Small Business Websites – Don’t Risk Your Future On Inadequate Hosting

Posted: Monday May 9th

No small business start-up can afford to under-estimate the vital importance of a website. The effectiveness of an internet presence can make or break a new venture. Yet hosting, which helps guarantee the smooth running of the site, is frequently chosen simply on price. That could be a catastrophic mistake.

At its most basic, hosting might be described as just a bit of space on a big hard drive in a remote location. So if that’s the case, why don’t businesses save the money and host their website themselves?

Well first, there’s the maintenance issue. A website should be available 365 days of the year, 24 hours a day. If something goes wrong with the hard drive that holds the website data, or the main computer, the connection to the internet, or even the electricity supply, that site will disappear until the breakdown is resolved.

Next there is security. We are all aware of hackers. If a company hosts its own site it has to be prepared for attacks at any time, and skilled enough to defeat them. Finally there are software issues. Your computer may run fine on it’s own, but what happens when you connect it to the rest of the world wide web?

Most companies can’t afford to have a hardware expert, a software engineer and an internet guru available all day and night, so for a few dollars a month you pay a hosting company – and leave those problems to someone else!

In reality, of course, your hosting company provides much more than just hard disk space. At the very least they should provide some kind of double redundancy system and file back-up. In other words, your website won’t be on one hard drive but two (or more), so that if one should fail the other takes over in a fraction of a second. Nobody would ever know there was a problem.

A good hosting provider doesn’t stop at just maintaining the availability of your website. They will also provide you with email services and more besides. You may not initially need all that is offered, but you need to look to the future. While it is not prohibitively difficult to change hosting, it is obviously better if you don’t need to.

So as your company expands it might well want to take advantage of mysql databases (which are used by things like shopping carts), extra ftp accounts, multiple domain names, sub domains, blog software, cron jobs or any number of options which good hosts include with your monthly rental. You may not know what half those things mean right now, but you will be surprised how soon one or more of them will become important to your web development!

As you may now realize, hosting is quite a complex subject, and it is perhaps unfair to expect most small business owners to know all the ins and outs. However, if that’s the case, how can you make an informed decision about which company to choose?

The key is flexibility. It’s easy for a company to say they give you 50 gigabytes of server space, which is almost certainly adequate to start with, but what about bandwidth? Server space is the actual amount of hard drive your site uses but bandwidth is at least as important, if not more so. Bandwidth can be viewed as your site’s capacity to handle visitors. As more people access it, more bandwidth is consumed. Ten times your actual server space allowance is common.

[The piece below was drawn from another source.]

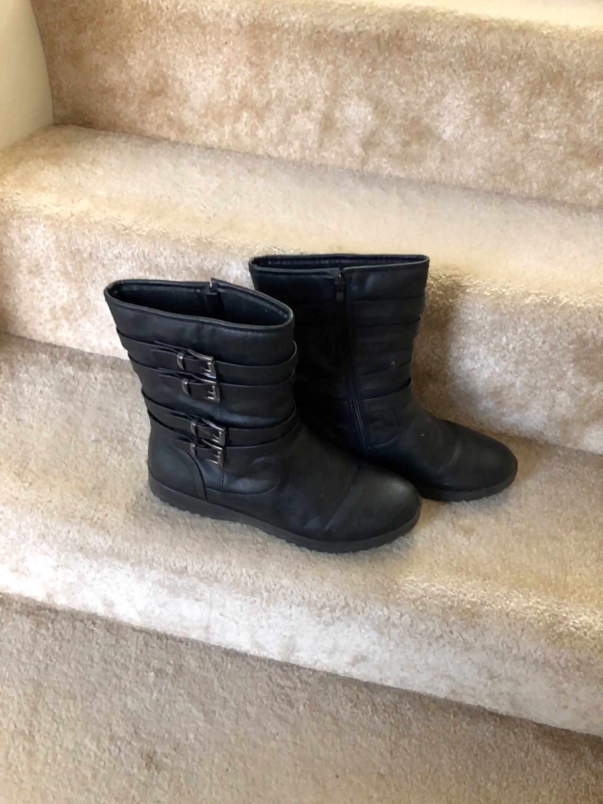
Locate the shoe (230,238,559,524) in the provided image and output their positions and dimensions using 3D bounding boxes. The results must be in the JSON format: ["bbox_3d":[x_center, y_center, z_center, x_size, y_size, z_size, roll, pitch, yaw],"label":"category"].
[{"bbox_3d":[0.083,-0.021,0.646,0.270,0.218,0.101,10,39,13],"label":"shoe"}]

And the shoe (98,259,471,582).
[{"bbox_3d":[-0.017,0.016,0.574,0.270,0.199,0.101,14,40,10],"label":"shoe"}]

An important issue here is what happens if you exceed those allowances. It’s surprisingly easy to do, particularly if your marketing efforts create a sudden traffic spike. Some budget hosts will simply cut you off until you pay for an upgrade. A good host will absorb any short-term excess and contact you to discuss the best way forward.

You should also be able to rely on your host for a degree of technical support. Even quite experienced web users run into situations from time to time where they lack knowledge. At times like these it’s good to have a well-staffed ticket system, or interactive online support, to help you resolve any issues as quickly as possible.

As a new business start-up you probably won’t need things like virtual or dedicated servers for a while, but it’s worth finding out if your potential host provides an easy upgrade path.

There are hundreds of different hosting companies online with a mind-boggling number of options. The easy choice for small business owners is to pick the cheapest. However, when you consider the importance of the decision it is worth taking a bit more time and finding the correct solution at the start. If you aren’t sure about anything, try asking the hosting company you are considering selecting. If they are capable, and want your business, they will find you the answers!